**WHAT TO WORK ON:**
Below is a listing; restate from it, character for character, the lines beginning at the line holding "Line((-6.56534388, 3.95185693), (3.425708931, 3.95185693))" and ending at the line holding "Line((-64.56534388, 91.95185693), (-64.56534388, 81.95185693))", both included.
═════ SOURCE DATA
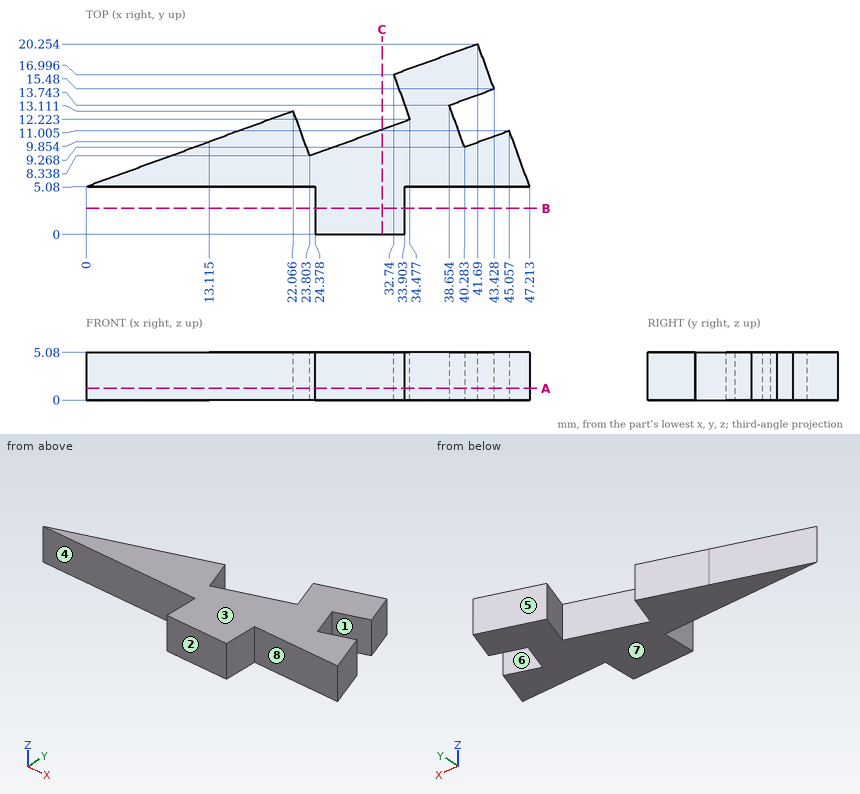
For this review, use the dimensioned drawing (mm, ordinates from the lowest corner) and the shaded views. A direction names the side the tool comes from. Give positions to 0.01 mm unless a question says otherwise; leave off trailing zeros. Loops run counter-clockwise (first coordinate to the right, second up) from the corner with the lowest first, then second, coordinate; pieces in that order, holes last.
Item 1: Insertion check: pin 1 (2.5 mm diameter, centred on y = 1.5, z = 2, fed in from -X); pin 2 (1.5 mm diameter, centred on y = 11.5, z = 4.5, fed in from +X); pin 3 (2.5 mm diameter, centred on y = 2, z = 3.5, fed in from +X). Each pin has a flat end and moves straight along its axis. Give the tip position at first contact, or say it passes through.
Item 2: Take a section at A-A, the plane z = 1.25. State the section outline as (x, y) points (1 decimal).
Item 3: Draft analysis for pull direction Y (two halves, no side actions). For the marked faces 1, 2 and 3, state which applies: +Y half, -Y half, draft (parallel to the pull), parting line (faces both ways), or undercut.
Item 4: Take a section at B-B, the plane y = 2.75. State the section outline as (x, z) points.
Item 5: For line 1 along X through (y, z) = (3, 2.55); line 2 along Y through (x, z) = (41, 4.6); line 3 along Y through (x, z) = (27.5, 1.15), list the stretches that pass through material, from the lowest coordinate up.
Item 6: Take a section at C-C, the plane x = 31.5. State the section outline as (y, z) points, and give its area (3 significant figures).
Item 7: Tool access review of the marked faces 4, 5, 6, 7 and 8: name each direction out of +Z, -Z, +X, -X, +Y, -Y from which nothing blocks a thin tool from reaching the whole face with its end or side.
Calculated:
1. pin 1: stops at x = 24.38
1. pin 2: stops at x = 45.15
1. pin 3: stops at x = 33.9
2. outline: (0, 5.1) - (24.4, 5.1) - (24.4, 0) - (33.9, 0) - (33.9, 5.1) - (47.2, 5.1) - (45.1, 11) - (40.3, 9.3) - (38.7, 13.7) - (43.4, 15.5) - (41.7, 20.3) - (32.7, 17) - (34.5, 12.2) - (23.8, 8.3) - (22.1, 13.1) - close
3. face 1: undercut
3. face 2: -Y half
3. face 3: draft
4. outline: (24.38, 0) - (33.9, 0) - (33.9, 5.08) - (24.38, 5.08) - close
5. line 1: x = 24.38 to 33.9
5. line 2: y = 5.08 to 9.53, 14.6 to 20
5. line 3: y = 0 to 9.68
6. outline: (0, 0) - (11.14, 0) - (11.14, 5.08) - (0, 5.08) - close
6. area: 56.6 mm2
7. face 4: +Z, -Z, -X, -Y
7. face 5: +Z, -Z, -X, +Y
7. face 6: +Z, -Z
7. face 7: -Z, +X, -X, +Y, -Y
7. face 8: +Z, -Z, +X, -Y
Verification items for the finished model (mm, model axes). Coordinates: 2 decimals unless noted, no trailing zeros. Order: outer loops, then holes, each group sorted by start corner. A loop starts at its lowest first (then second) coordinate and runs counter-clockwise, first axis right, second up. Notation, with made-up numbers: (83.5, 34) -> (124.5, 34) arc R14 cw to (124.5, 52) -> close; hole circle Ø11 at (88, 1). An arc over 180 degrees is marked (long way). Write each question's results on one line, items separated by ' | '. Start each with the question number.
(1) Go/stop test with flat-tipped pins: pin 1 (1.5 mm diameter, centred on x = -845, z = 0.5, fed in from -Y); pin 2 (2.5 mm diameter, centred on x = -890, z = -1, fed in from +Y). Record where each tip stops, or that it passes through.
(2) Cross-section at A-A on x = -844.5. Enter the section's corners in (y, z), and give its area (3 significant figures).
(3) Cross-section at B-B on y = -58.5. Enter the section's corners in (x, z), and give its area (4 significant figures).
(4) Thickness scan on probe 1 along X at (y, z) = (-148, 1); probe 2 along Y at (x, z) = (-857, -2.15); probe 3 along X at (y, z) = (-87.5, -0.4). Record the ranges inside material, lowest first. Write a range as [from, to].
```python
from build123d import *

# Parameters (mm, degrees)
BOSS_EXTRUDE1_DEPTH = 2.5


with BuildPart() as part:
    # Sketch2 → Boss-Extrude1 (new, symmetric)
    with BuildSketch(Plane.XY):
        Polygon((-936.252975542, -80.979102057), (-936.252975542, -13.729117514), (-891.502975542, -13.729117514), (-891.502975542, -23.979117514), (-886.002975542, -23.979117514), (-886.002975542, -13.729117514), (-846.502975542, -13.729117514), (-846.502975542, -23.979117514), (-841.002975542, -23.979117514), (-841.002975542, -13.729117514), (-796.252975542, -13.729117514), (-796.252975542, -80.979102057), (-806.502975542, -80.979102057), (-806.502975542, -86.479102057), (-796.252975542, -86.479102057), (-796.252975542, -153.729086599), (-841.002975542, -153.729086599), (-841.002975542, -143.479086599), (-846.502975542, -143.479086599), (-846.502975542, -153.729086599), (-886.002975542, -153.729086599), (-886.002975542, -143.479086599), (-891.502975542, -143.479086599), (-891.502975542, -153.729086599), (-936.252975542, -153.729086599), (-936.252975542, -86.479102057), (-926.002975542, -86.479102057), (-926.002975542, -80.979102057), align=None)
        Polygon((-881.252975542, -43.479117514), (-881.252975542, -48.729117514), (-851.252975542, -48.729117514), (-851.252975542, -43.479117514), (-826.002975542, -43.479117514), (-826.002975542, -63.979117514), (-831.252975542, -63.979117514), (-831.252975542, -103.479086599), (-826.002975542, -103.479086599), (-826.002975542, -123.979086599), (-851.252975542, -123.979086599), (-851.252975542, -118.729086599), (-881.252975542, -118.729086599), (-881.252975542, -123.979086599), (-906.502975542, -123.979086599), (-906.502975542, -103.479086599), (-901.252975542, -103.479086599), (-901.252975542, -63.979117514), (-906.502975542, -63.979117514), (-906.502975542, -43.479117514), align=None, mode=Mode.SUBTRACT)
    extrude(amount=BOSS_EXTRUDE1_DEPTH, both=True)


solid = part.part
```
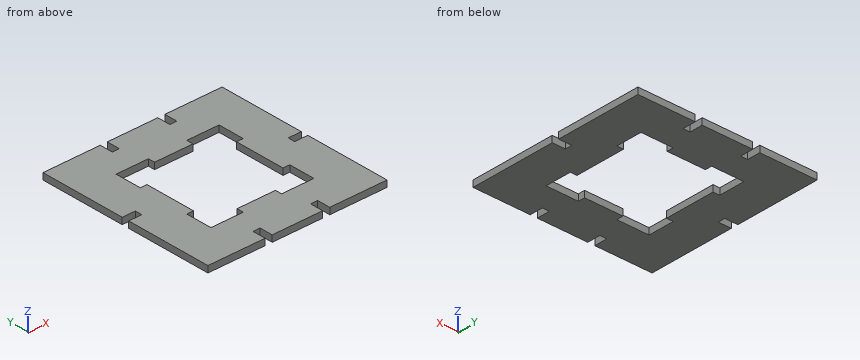
Results are:
1) pin 1: stops at y = -143.48 | pin 2: stops at y = -23.98
2) outline: (-143.48, -2.5) -> (-123.98, -2.5) -> (-123.98, 2.5) -> (-143.48, 2.5) -> close; (-43.48, -2.5) -> (-23.98, -2.5) -> (-23.98, 2.5) -> (-43.48, 2.5) -> close | area: 195 mm2
3) outline: (-936.25, -2.5) -> (-906.5, -2.5) -> (-906.5, 2.5) -> (-936.25, 2.5) -> close; (-826, -2.5) -> (-796.25, -2.5) -> (-796.25, 2.5) -> (-826, 2.5) -> close | area: 297.5 mm2
4) probe 1: x = [-936.25, -891.5], [-886, -846.5], [-841, -796.25] | probe 2: y = [-153.73, -118.73], [-48.73, -13.73] | probe 3: x = [-936.25, -901.25], [-831.25, -796.25]
```python
from build123d import *

# Parameters (mm, degrees)
SKETCH_W        = 78
SKETCH_H        = 95
PAD_DEPTH       = 1.5
SKETCH002_W     = 14
SKETCH002_H     = 14
POCKET_DEPTH    = 1.501
FILLET_R        = 1
SKETCH003_R     = 3
POCKET001_DEPTH = 1.501
FILLET001_R     = 5


with BuildPart() as part:
    # Sketch → Pad (new body)
    with BuildSketch(Plane.XY):
        Rectangle(SKETCH_W, SKETCH_H)
    extrude(amount=PAD_DEPTH)

    # Sketch002 (on Face6 of Pad) → Pocket (cut, through all)
    with BuildSketch(Plane.XY.offset(1.5)):
        with Locations((-20, 20)):
            Rectangle(SKETCH002_W, SKETCH002_H)
        with Locations((0, 20)):
            Rectangle(SKETCH002_W, SKETCH002_H)
        with Locations((20, 20)):
            Rectangle(SKETCH002_W, SKETCH002_H)
        with Locations((-20, 0)):
            Rectangle(SKETCH002_W, SKETCH002_H)
        Rectangle(SKETCH002_W, SKETCH002_H)
        with Locations((20, 0)):
            Rectangle(SKETCH002_W, SKETCH002_H)
        with Locations((-20, -20)):
            Rectangle(SKETCH002_W, SKETCH002_H)
        with Locations((0, -20)):
            Rectangle(SKETCH002_W, SKETCH002_H)
        with Locations((20, -20)):
            Rectangle(SKETCH002_W, SKETCH002_H)
    extrude(amount=-POCKET_DEPTH, mode=Mode.SUBTRACT)

    # Fillet
    fillet_edges = [part.edges().sort_by_distance(p)[0] for p in [
        (-27, 27, 0.75),
        (-27, 7, 0.75),
        (-27, -13, 0.75),
        (-7, 27, 0.75),
        (-7, 7, 0.75),
        (-7, -13, 0.75),
        (13, -13, 0.75),
        (13, 7, 0.75),
        (13, 27, 0.75),
        (-13, 27, 0.75),
        (7, 27, 0.75),
        (27, 27, 0.75),
        (-13, 7, 0.75),
        (7, 7, 0.75),
        (27, 7, 0.75),
        (-13, -13, 0.75),
        (7, -13, 0.75),
        (27, -13, 0.75),
        (27, 13, 0.75),
        (7, 13, 0.75),
        (-13, 13, 0.75),
        (27, -7, 0.75),
        (7, -7, 0.75),
        (-13, -7, 0.75),
        (27, -27, 0.75),
        (7, -27, 0.75),
        (-13, -27, 0.75),
        (13, -27, 0.75),
        (-7, -27, 0.75),
        (-27, -27, 0.75),
        (13, -7, 0.75),
        (-7, -7, 0.75),
        (-27, -7, 0.75),
        (13, 13, 0.75),
        (-7, 13, 0.75),
        (-27, 13, 0.75),
    ]]
    fillet(fillet_edges, radius=FILLET_R)

    # Sketch003 (on Face78 of Fillet) → Pocket001 (cut, through all)
    with BuildSketch(Plane.XY.offset(1.5)):
        with Locations((-31, 39.5)):
            Circle(SKETCH003_R)
        with Locations((31, 39.5)):
            Circle(SKETCH003_R)
        with Locations((31, -39.5)):
            Circle(SKETCH003_R)
        with Locations((-31, -39.5)):
            Circle(SKETCH003_R)
    extrude(amount=-POCKET001_DEPTH, mode=Mode.SUBTRACT)

    # Fillet001
    fillet001_edges = [part.edges().sort_by_distance(p)[0] for p in [
        (39, -47.5, 0.75),
        (-39, -47.5, 0.75),
        (-39, 47.5, 0.75),
        (39, 47.5, 0.75),
    ]]
    fillet(fillet001_edges, radius=FILLET001_R)


solid = part.part
```
For this review, take the finished solid that the model builds, in its own axes (mm). Round coordinates to 2 decimals unless told otherwise and drop trailing zeros. Write each loop counter-clockwise with the first axis right and the second up, starting at its lowest first coordinate (ties: lowest second). Pieces come first, ordered by that corner, then holes.
1) Mouldability with a two-part tool opening along Y and no side actions: class faces 1 (the face through (28.79, -37.47, 0.76)), 2 (the face through (-37.57, 46, 0.76)), 3 (the face through (37.5, -46.07, 0.76)), 4 (the face through (-9, 1, 1.5)) as +Y half, -Y half, draft (parallel to the pull), parting line (faces both ways), or undercut.
Answer below:
face 1: undercut
face 2: +Y half
face 3: -Y half
face 4: draft
2) For line 1 along Y through (x, z) = (-3.5, 1.15); line 2 along Y through (x, z) = (-31, 0.3); line 3 along X through (y, z) = (6, 0.75), list the stretches that pass through material, from the lowest coordinate up.
Answer below:
line 1: y = -47.5 to -27, -13 to -7, 7 to 13, 27 to 47.5
line 2: y = -47.5 to -42.5, -36.5 to 36.5, 42.5 to 47.5
line 3: x = -39 to -27, -13 to -7, 7 to 13, 27 to 39
3) Take a section at A-A on x = 1. Give the boundary of the cut face in (y, z), then the cut area to 3 significant figures.
Answer below:
outline: (-47.5, 0) - (-27, 0) - (-27, 1.5) - (-47.5, 1.5) - close; (-13, 0) - (-7, 0) - (-7, 1.5) - (-13, 1.5) - close; (7, 0) - (13, 0) - (13, 1.5) - (7, 1.5) - close; (27, 0) - (47.5, 0) - (47.5, 1.5) - (27, 1.5) - close
area: 79.5 mm2
4) Take a section at C-C on x = 31. Give the boundary of the cut face in (y, z), then the cut area to 4 significant figures.
Answer below:
outline: (-47.5, 0) - (-42.5, 0) - (-42.5, 1.5) - (-47.5, 1.5) - close; (-36.5, 0) - (36.5, 0) - (36.5, 1.5) - (-36.5, 1.5) - close; (42.5, 0) - (47.5, 0) - (47.5, 1.5) - (42.5, 1.5) - close
area: 124.5 mm2
5) Take a section at D-D on y = 3. Give the boundary of the cut face in (x, z).
Answer below:
outline: (-39, 0) - (-27, 0) - (-27, 1.5) - (-39, 1.5) - close; (-13, 0) - (-7, 0) - (-7, 1.5) - (-13, 1.5) - close; (7, 0) - (13, 0) - (13, 1.5) - (7, 1.5) - close; (27, 0) - (39, 0) - (39, 1.5) - (27, 1.5) - close
6) Take a section at B-B on y = -39.5. Give the boundary of the cut face in (x, z).
Answer below:
outline: (-39, 0) - (-34, 0) - (-34, 1.5) - (-39, 1.5) - close; (-28, 0) - (28, 0) - (28, 1.5) - (-28, 1.5) - close; (34, 0) - (39, 0) - (39, 1.5) - (34, 1.5) - close
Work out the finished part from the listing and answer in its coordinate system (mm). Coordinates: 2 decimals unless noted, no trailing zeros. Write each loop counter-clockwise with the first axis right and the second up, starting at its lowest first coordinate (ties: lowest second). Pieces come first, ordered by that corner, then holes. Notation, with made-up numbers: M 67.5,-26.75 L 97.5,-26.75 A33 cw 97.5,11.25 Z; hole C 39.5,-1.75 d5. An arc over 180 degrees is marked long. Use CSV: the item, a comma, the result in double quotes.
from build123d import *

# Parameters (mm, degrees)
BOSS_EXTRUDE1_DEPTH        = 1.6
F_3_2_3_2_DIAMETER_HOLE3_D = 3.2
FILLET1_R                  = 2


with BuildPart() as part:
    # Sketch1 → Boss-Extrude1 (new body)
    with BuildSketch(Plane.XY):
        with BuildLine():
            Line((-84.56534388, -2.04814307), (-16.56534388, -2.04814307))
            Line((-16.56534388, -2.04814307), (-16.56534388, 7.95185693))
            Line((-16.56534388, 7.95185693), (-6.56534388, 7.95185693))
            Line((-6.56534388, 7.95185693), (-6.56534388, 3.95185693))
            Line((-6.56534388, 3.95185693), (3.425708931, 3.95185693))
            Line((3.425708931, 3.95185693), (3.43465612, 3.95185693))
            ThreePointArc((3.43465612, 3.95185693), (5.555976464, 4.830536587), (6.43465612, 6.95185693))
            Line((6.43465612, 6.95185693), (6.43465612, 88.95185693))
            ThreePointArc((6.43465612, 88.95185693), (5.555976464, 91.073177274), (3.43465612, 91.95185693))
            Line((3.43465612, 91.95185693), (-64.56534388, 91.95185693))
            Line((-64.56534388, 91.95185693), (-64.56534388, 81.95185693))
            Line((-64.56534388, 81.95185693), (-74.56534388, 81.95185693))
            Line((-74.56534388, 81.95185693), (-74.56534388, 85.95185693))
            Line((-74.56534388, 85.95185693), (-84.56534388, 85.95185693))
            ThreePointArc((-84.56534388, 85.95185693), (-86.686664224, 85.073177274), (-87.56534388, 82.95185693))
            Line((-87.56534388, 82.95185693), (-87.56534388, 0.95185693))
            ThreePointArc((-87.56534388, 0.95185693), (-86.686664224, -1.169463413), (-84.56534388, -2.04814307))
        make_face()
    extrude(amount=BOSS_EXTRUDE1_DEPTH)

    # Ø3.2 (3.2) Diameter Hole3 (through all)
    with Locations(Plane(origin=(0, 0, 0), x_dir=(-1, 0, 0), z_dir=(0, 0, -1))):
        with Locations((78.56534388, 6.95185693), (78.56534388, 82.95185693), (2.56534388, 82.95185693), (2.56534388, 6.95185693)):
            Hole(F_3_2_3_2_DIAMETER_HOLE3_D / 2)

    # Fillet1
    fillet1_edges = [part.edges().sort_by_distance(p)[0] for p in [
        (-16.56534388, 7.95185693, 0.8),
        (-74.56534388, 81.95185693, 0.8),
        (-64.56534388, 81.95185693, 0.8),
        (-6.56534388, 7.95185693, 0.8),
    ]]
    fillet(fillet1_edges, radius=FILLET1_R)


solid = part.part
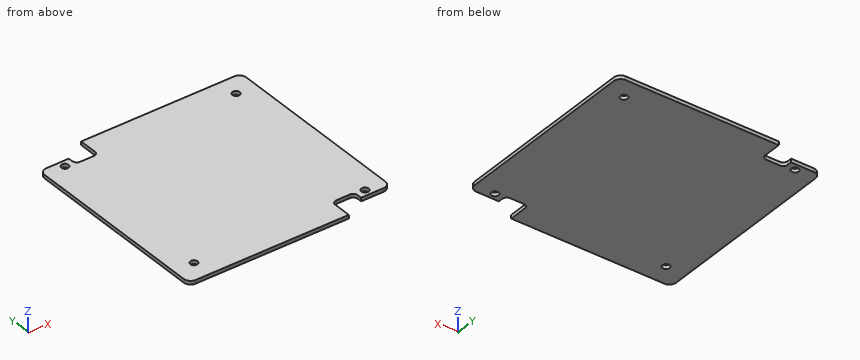
Item 1: The part is cut by section A-A (z = 0.7). Write down the section's boundary in (x, y).
Answer:
outline,"M -87.57,0.95 A3 ccw -84.57,-2.05 L -16.57,-2.05 L -16.57,5.95 A2 cw -14.57,7.95 L -8.57,7.95 A2 cw -6.57,5.95 L -6.57,3.95 L 3.43,3.95 A3 ccw 6.43,6.95 L 6.43,88.95 A3 ccw 3.43,91.95 L -64.57,91.95 L -64.57,83.95 A2 cw -66.57,81.95 L -72.57,81.95 A2 cw -74.57,83.95 L -74.57,85.95 L -84.57,85.95 A3 ccw -87.57,82.95 Z; hole C -78.57,6.95 d3.2; hole C -78.57,82.95 d3.2; hole C -2.57,6.95 d3.2; hole C -2.57,82.95 d3.2"
Item 2: Consider probe 1 along X at (y, z) = (3.5, 1.5); probe 2 along X at (y, z) = (7.5, 1.1); probe 3 along Y at (x, z) = (-3, 1.3). Determine where each line is inside the solid, lowest interval first.
Answer:
probe 1,"x = -87.57 to -16.57"
probe 2,"x = -87.57 to -80.07, -77.06 to -15.83, -7.3 to -4.07, -1.06 to 6.43"
probe 3,"y = 3.95 to 5.41, 8.49 to 81.41, 84.49 to 91.95"
Item 3: Given pin 1 (0.8 mm diameter, centred on x = 1, z = 1, fed in from -Y), flat-ended and moving along its own axis, determine where the tip first touches the part or whether it passes through.
Answer:
pin 1,"stops at y = 3.95"
══════════
**ANSWER SECTION:**
            Line((-6.56534388, 3.95185693), (3.425708931, 3.95185693))
            Line((3.425708931, 3.95185693), (3.43465612, 3.95185693))
            ThreePointArc((3.43465612, 3.95185693), (5.555976464, 4.830536587), (6.43465612, 6.95185693))
            Line((6.43465612, 6.95185693), (6.43465612, 88.95185693))
            ThreePointArc((6.43465612, 88.95185693), (5.555976464, 91.073177274), (3.43465612, 91.95185693))
            Line((3.43465612, 91.95185693), (-64.56534388, 91.95185693))
            Line((-64.56534388, 91.95185693), (-64.56534388, 81.95185693))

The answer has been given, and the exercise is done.